More than 17 species of benthic foraminifers were observed in the four samples examined from Site U1368 (Table T3). Overall, the assemblage was of relatively high diversity in the samples from ~7.5 and 10.25 mbsf. The uppermost sample was affected by dissolution, and only one specimen of the genus Epistominella was found.
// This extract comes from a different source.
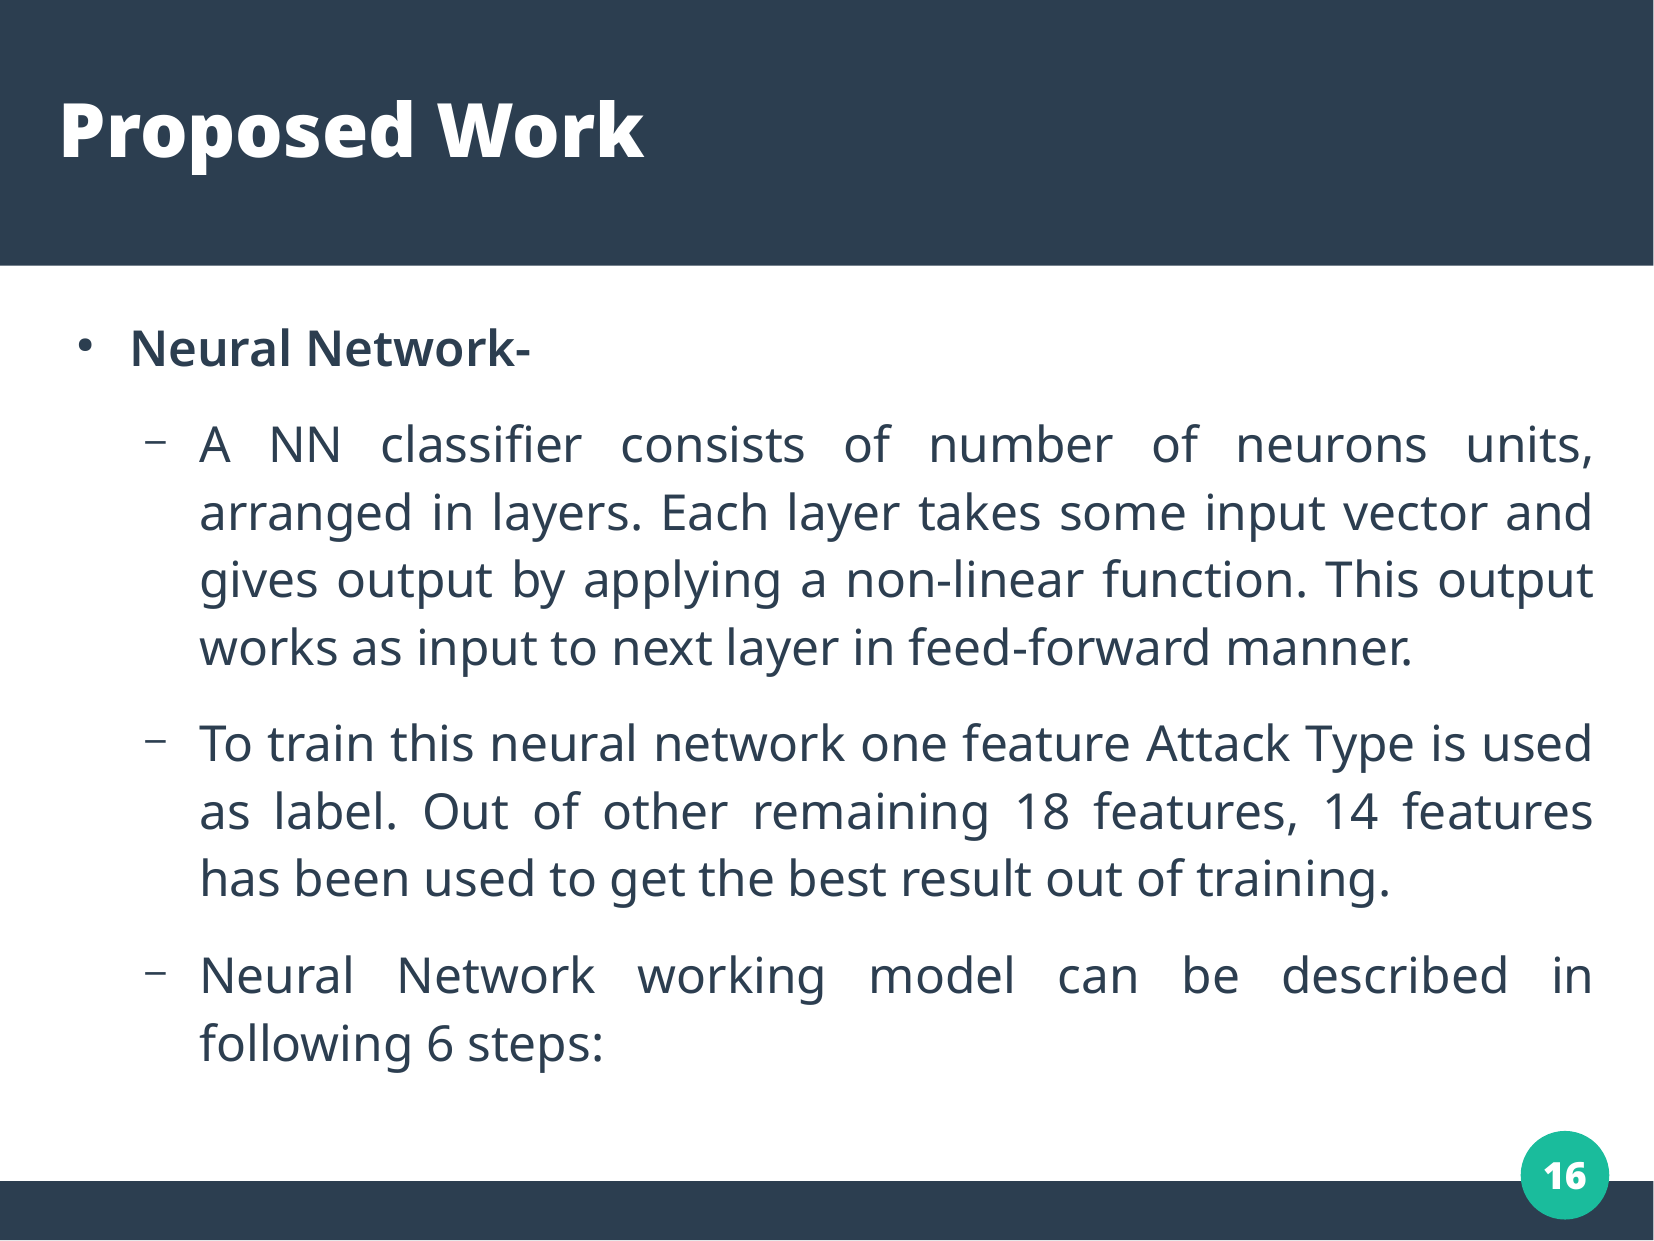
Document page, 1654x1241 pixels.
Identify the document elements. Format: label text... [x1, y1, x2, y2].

Overall, the benthic foraminifer taxa resemble those found at Site U1367 and include Anomalinoides globosus, Buliminella parvula, Cassidulina subglobosa, Cibicidoides mundulus, Cibicidoides wuellerstorfi, Epistominella sp., Gyroidina sp., Gyroidinoides lamarckiana, Gyroidinoides soldanii, Karreriella chapapotensis, Lagena spp., Nodosaria sp. A, Nodosaria sp. B, Nuttallides umbonifer, Oridorsalis umbonatus, Polymorphina spp., and Siphonodosaria spinata (Table T3).


Seven ostracod genera were observed at Site U1368 (Table T4). As with the benthic foraminifers, maximum diversity was observed in Samples 329-U1368D-1H-CC (7.47 mbsf) and 329-U1368B-2H-4, 25–27 cm (10.25 mbsf). No ostracods were found in the upper- or lowermost samples. Ostracods were identified to the generic level and consist of genera that have worldwide distribution and are common in Cenozoic deep-sea sediment (Whatley and Ayress, 1988; Ayress et al., 1997; Dingle and Lord, 1990; Cronin et al. 2002; Alvarez Zarikian, 2009; Alvarez Zarikian et al., 2009). The assemblage is dominated by Krithe, followed by Poseidonamicus, Henryhowella, Bradleya, Eucythere, and Pelecocythere.